Sudden death in recipients of first-generation implantable cardioverter defibrillators: analysis of terminal events. Participating investigators.
MedLine Citation:
PMID:  10155197     Owner:  NLM     Status:  MEDLINE    
Clinical factors and terminal events associated with sudden death in 51 patients were analyzed from among a multicenter experience of 864 recipients of first generation automatic implantable cardioverter defibrillator (AICD) devices (single zone, committed, monophasic pulse with > or = 1 epicardial patch electrode) during the period May 1982-February 1988. For these 51 patients, mean age was 58 years and atherosclerotic heart disease was present in 84%, with a history of ventricular fibrillation (VF) in 61%, and inducible sustained ventricular tachycardia (VT) in 84%; mean left ventricular ejection fraction was 0.26. Nearly 80% experienced one or more appropriate AICD shocks during the median 9 month (range 0-46 months) period prior to death. Of 30 monitored deaths, the first documented terminal rhythm was VF in 12 (40%), VT in 8 (27%), and asystole or electromechanical dissociation in the remaining 10 (33%). Shocks were documented during terminal events in 21 (66%) of 32 witnessed cases of sudden death with activated devices. The proportion of monitored or witnessed sudden deaths that were known or presumed to be tachyarrhythmic (based on terminal VT, VF, or shocks) ranged from 69% (11/16 cases with activated/nondepleted devices and a defibrillation threshold [DFT] < or = 20 J) to 81% (29/36 cases on intention-to-treat basis).

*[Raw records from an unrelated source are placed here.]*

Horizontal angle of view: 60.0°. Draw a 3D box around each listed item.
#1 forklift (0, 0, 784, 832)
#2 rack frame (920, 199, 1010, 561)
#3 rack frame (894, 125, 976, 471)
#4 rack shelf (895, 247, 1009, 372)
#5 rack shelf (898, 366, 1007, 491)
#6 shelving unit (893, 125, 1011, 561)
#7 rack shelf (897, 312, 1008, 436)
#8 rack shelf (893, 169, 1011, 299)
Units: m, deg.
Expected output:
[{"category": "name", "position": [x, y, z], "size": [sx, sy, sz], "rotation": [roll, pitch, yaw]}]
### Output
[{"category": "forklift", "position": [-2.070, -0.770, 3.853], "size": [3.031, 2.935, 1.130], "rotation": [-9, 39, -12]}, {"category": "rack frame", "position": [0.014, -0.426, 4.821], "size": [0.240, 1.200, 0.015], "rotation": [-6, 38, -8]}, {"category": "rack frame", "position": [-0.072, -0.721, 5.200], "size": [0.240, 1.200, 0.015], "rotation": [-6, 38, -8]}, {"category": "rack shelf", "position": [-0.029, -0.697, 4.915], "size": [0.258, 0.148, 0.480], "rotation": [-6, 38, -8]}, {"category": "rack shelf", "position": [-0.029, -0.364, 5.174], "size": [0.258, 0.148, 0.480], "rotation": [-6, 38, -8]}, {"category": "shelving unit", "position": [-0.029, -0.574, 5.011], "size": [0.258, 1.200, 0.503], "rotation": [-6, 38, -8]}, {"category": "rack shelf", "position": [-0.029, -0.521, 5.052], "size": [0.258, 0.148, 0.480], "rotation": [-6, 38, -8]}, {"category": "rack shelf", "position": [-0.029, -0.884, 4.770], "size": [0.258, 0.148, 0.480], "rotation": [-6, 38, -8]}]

Of 27 patients with known or presumed sudden tachyarrhythmic death, the AICD had been deactivated prior to death in 4 (15%); activated, but depleted in 4 (15%); activated/nondepleted, but with DFT of 25 J in 4 (15%); and activated/nondepleted, but without DFT testing in 4 (15%). The remaining 11 (41%) known or presumed sudden tachyarrhythmic deaths occurred in patients with activated/nondepleted devices and DFT < or = 20 J; however, definite or suspected contributory factors (e.g., hematoma under epicardial patch, generator component failure, or drug-induced DFT rise) could be identified in 6 (55%) of 11 cases. Thus, in this first-generation AICD experience: 1) most sudden deaths occurred on the basis of a known or presumed tachyarrhythmia; and 2) an understanding of apparent "failure" of ICD therapy could often be gained through an integrated analysis of associated clinical factors and management practices, as well as device "hardware" function. These observations are likely to remain relevant, even with respect to newer generation ICDs.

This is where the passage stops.